▸ **Requirement**:
Please reproduce the entries exactly as they appear below, but not the pictures.

Collected data

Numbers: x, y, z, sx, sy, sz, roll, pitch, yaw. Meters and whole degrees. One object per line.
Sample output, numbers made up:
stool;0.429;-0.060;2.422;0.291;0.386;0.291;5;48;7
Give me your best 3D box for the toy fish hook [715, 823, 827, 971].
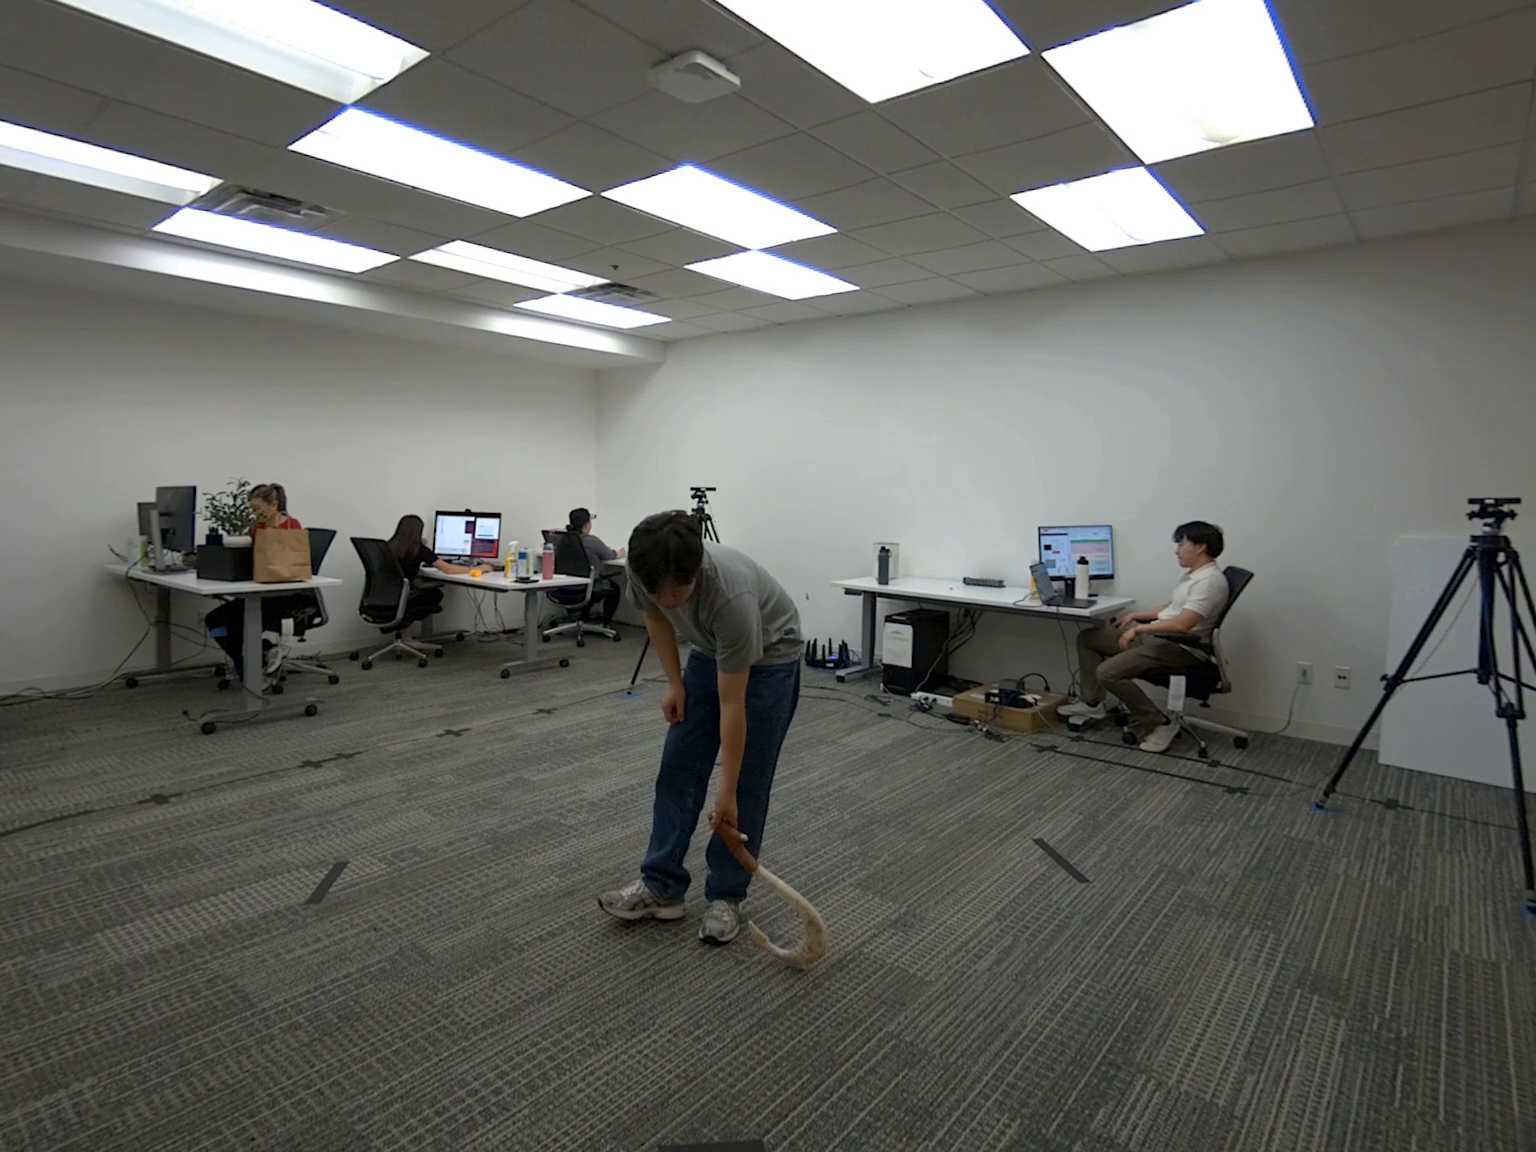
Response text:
toy fish hook;-0.044;0.920;2.476;0.225;0.513;0.047;-44;-9;14

▸ **Answer space**:
Numbers: x, y, z, sx, sy, sz, roll, pitch, yaw. Meters and whole degrees. One object per line.
Sample output, numbers made up:
stool;0.429;-0.060;2.422;0.291;0.386;0.291;5;48;7
Give me your best 3D box for the toy fish hook [715, 823, 827, 971].
Response text:
toy fish hook;-0.044;0.920;2.476;0.225;0.513;0.047;-44;-9;14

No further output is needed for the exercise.